● **PROVIDED DATA**:

--------

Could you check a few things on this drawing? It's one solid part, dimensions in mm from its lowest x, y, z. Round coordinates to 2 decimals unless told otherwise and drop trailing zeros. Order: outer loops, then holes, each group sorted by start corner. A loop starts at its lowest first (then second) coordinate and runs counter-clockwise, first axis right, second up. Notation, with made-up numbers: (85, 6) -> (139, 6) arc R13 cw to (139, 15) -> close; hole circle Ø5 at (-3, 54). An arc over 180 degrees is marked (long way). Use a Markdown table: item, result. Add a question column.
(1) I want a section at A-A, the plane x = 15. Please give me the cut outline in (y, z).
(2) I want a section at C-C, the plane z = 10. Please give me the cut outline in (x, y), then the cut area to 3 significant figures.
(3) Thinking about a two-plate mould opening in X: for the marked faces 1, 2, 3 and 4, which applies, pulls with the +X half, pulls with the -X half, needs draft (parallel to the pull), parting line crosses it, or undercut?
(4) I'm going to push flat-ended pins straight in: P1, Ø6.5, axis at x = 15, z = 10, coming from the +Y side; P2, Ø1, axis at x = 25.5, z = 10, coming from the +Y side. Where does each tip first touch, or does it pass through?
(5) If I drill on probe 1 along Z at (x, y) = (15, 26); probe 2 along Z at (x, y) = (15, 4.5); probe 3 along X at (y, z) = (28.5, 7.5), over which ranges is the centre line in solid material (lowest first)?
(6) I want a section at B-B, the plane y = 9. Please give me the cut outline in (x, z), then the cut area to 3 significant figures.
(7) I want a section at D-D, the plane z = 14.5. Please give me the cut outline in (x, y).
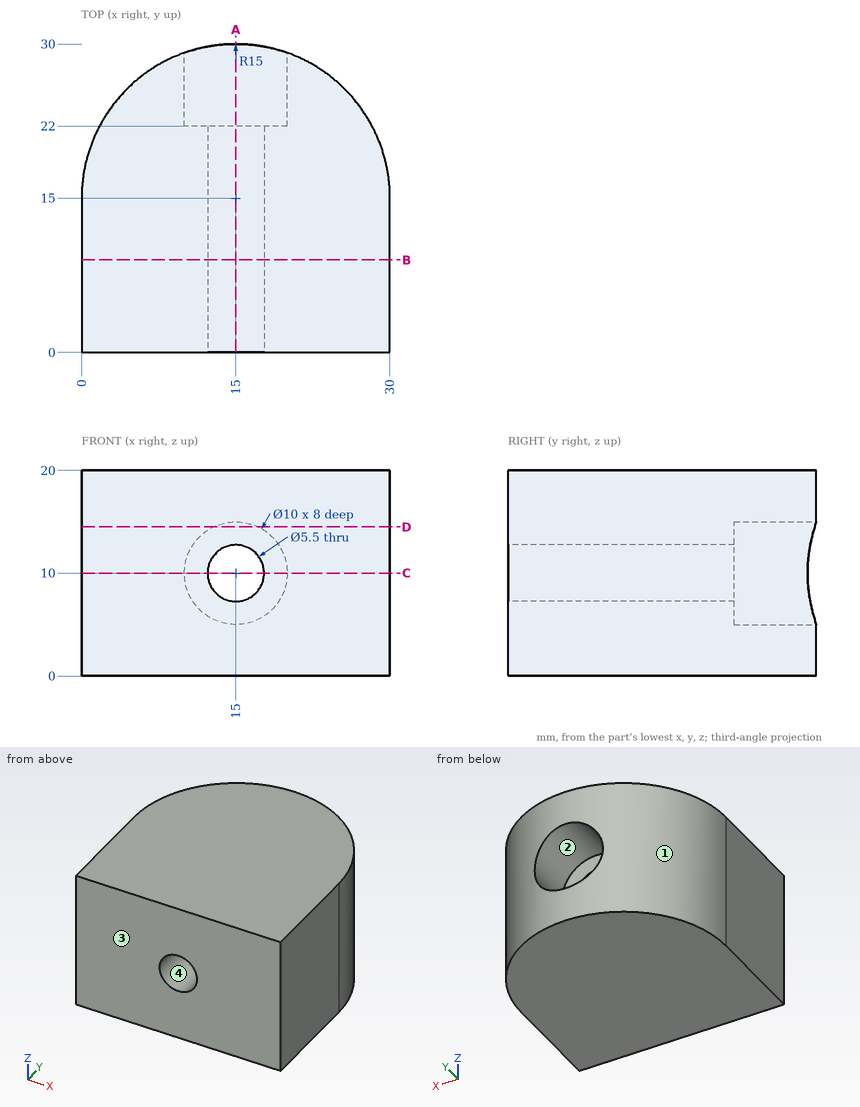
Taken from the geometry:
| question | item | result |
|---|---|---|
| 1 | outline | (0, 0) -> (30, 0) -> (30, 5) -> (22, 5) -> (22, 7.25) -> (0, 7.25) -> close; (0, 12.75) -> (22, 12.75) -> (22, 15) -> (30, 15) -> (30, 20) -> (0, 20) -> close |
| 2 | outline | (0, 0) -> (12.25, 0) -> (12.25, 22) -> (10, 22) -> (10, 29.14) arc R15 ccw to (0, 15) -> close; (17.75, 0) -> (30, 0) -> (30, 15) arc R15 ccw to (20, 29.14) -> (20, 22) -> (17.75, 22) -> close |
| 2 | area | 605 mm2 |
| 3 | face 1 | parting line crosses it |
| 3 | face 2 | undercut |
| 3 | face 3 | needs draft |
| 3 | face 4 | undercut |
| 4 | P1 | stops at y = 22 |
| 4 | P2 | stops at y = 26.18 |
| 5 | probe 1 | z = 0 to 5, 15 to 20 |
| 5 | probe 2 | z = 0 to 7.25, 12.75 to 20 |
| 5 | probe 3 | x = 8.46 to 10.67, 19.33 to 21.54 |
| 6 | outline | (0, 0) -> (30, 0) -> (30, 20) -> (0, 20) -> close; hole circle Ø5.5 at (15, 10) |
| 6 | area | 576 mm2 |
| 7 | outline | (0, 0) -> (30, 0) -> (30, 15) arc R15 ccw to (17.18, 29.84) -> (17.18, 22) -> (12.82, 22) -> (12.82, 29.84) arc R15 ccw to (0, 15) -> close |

--------

● **THE PROBLEM**:
Could you copy each line from the listing that has the word "first" in it?

● **EXERCISE RESPONSE**:
Could you check a few things on this drawing? It's one solid part, dimensions in mm from its lowest x, y, z. Round coordinates to 2 decimals unless told otherwise and drop trailing zeros. Order: outer loops, then holes, each group sorted by start corner. A loop starts at its lowest first (then second) coordinate and runs counter-clockwise, first axis right, second up. Notation, with made-up numbers: (85, 6) -> (139, 6) arc R13 cw to (139, 15) -> close; hole circle Ø5 at (-3, 54). An arc over 180 degrees is marked (long way). Use a Markdown table: item, result. Add a question column.
(4) I'm going to push flat-ended pins straight in: P1, Ø6.5, axis at x = 15, z = 10, coming from the +Y side; P2, Ø1, axis at x = 25.5, z = 10, coming from the +Y side. Where does each tip first touch, or does it pass through?
(5) If I drill on probe 1 along Z at (x, y) = (15, 26); probe 2 along Z at (x, y) = (15, 4.5); probe 3 along X at (y, z) = (28.5, 7.5), over which ranges is the centre line in solid material (lowest first)?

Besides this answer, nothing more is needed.